Chapter 4

Show that every line parallel to the \(z\) axis has parametric equations \(x=x_{0}, y=y_{0}, z=t\) for some fixed numbers \(x_{0}\) and \(y_{0}\).

Let \(\mathbf{d}=\left[\begin{array}{l}a \\ b \\ c\end{array}\right]\) be a vector where \(a\) \(b,\) and \(c\) are all nonzero. Show that the equations of the line through \(P_{0}\left(x_{0}, y_{0}, z_{0}\right)\) with direction vector \(\mathbf{d}\) can be written in the form $$\frac{x-x_{0}}{a}=\frac{y-y_{0}}{b}=\frac{z-z_{0}}{c}$$ This is called the symmetric form of the equations.

Given a rectangular solid with sides of lengths \(1,1,\) and \(\sqrt{2}\), find the angle between a diagonal and one of the longest sides.

Consider a rectangular solid with sides of lengths \(a, b,\) and \(c .\) Show that it has two orthogonal diagonals if and only if the sum of two of \(a^{2}, b^{2},\) and \(c^{2}\) equals the third.

Find all points \(C\) on the line through \(A(1,-1,2)\) and \(B=(2,0,1)\) such that \(\|\overrightarrow{A C}\|=2\|\overrightarrow{B C}\|\).

If the diagonals of a parallelogram have equal length, show that the parallelogram is a rectangle.

Let \(A, B, C, D, E,\) and \(F\) be the vertices of a regular hexagon, taken in order. Show that \(\overrightarrow{A B}+\overrightarrow{A C}+\overrightarrow{A D}+\overrightarrow{A E}+\overrightarrow{A F}=3 \overrightarrow{A D}\).

Given \(\mathbf{v}=\left[\begin{array}{l}x \\ y \\ z\end{array}\right]\) in component form, show that the projections of \(\mathbf{v}\) on \(\mathbf{i}, \mathbf{j},\) and \(\mathbf{k}\) are \(x \mathbf{i}, y \mathbf{j},\) and zk, respectively.
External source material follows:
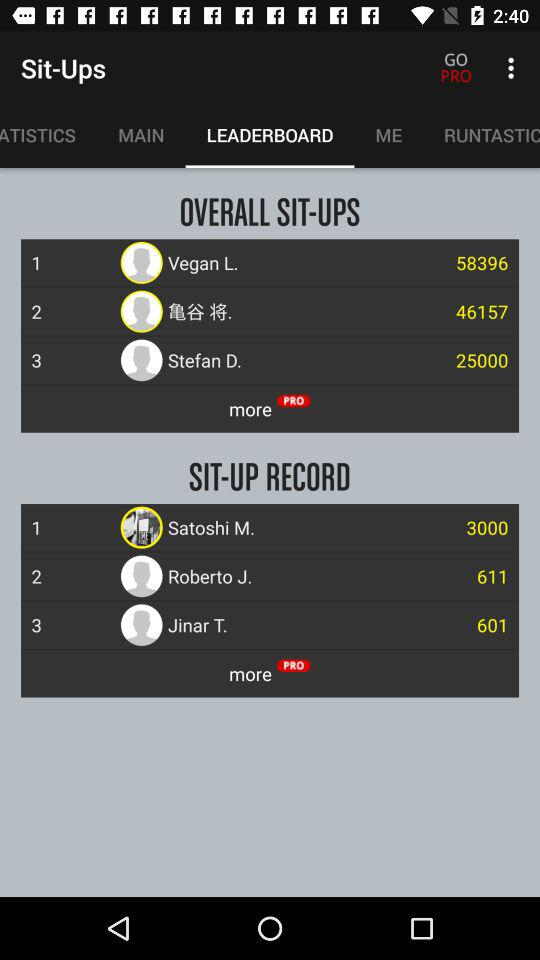What is the "OVERALL SIT-UPS" record of Vegan L.? There are 58396 sit-ups. 
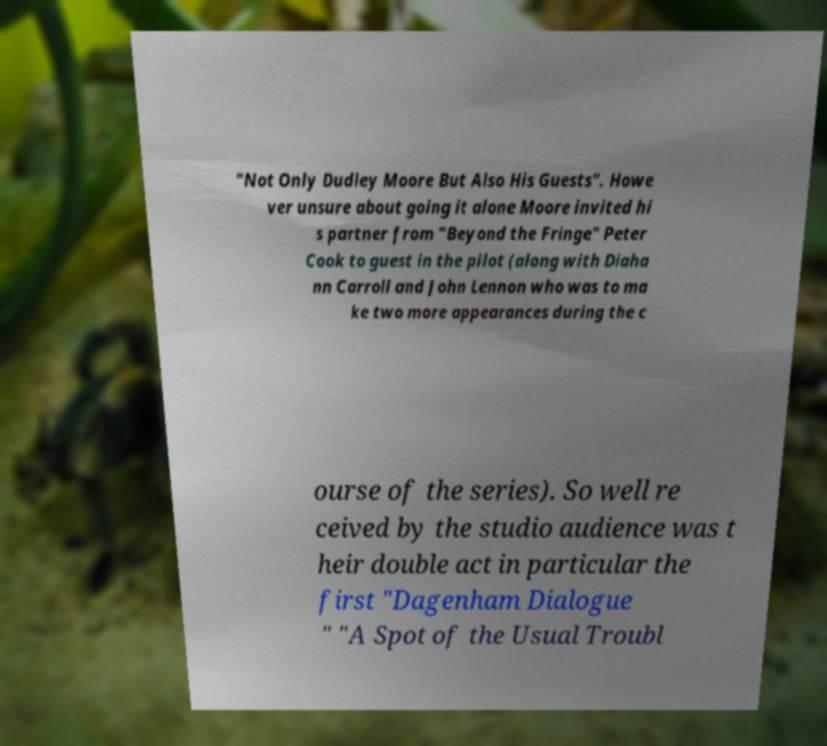Please read and relay the text visible in this image. What does it say? "Not Only Dudley Moore But Also His Guests". Howe ver unsure about going it alone Moore invited hi s partner from "Beyond the Fringe" Peter Cook to guest in the pilot (along with Diaha nn Carroll and John Lennon who was to ma ke two more appearances during the c ourse of the series). So well re ceived by the studio audience was t heir double act in particular the first "Dagenham Dialogue " "A Spot of the Usual Troubl 
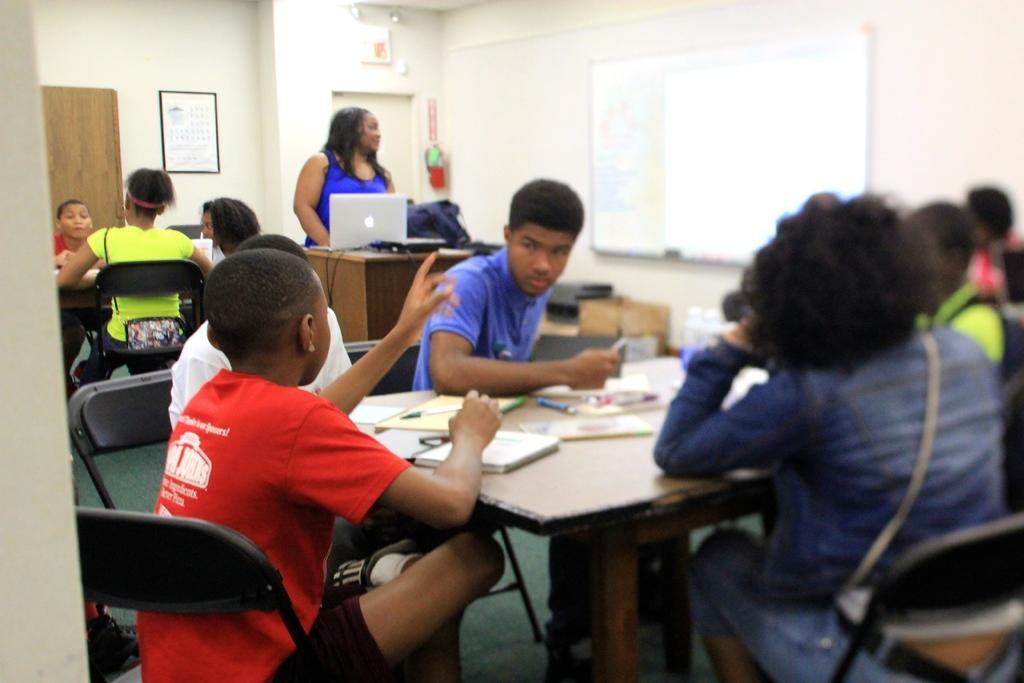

a. Let \(P_{1}, P_{2}, P_{3}, P_{4}, P_{5},\) and \(P_{6}\) be six points equally spaced on a circle with centre \(C\). Show that $$ \overrightarrow{C P}_{1}+\overrightarrow{C P}_{2}+\overrightarrow{C P}_{3}+\overrightarrow{C P}_{4}+\overrightarrow{C P}_{5}+\overrightarrow{C P}_{6}=\mathbf{0} $$ b. Show that the conclusion in part (a) holds for any even set of points evenly spaced on the circle. c. Show that the conclusion in part (a) holds for three points. d. Do you think it works for any finite set of points evenly spaced around the circle?

Consider a quadrilateral with vertices \(A, B, C,\) and \(D\) in order (as shown in the diagram). If the diagonals \(A C\) and \(B D\) bisect each other, show that the quadrilateral is a parallelogram. (This is the converse of Example \(4.1 .2 .)\) [Hint: Let \(E\) be the intersection of the diagonals. Show that \(\overrightarrow{A B}=\overrightarrow{D C}\) by writing \(\overrightarrow{A B}=\overrightarrow{A E}+\overrightarrow{E B} \cdot]\)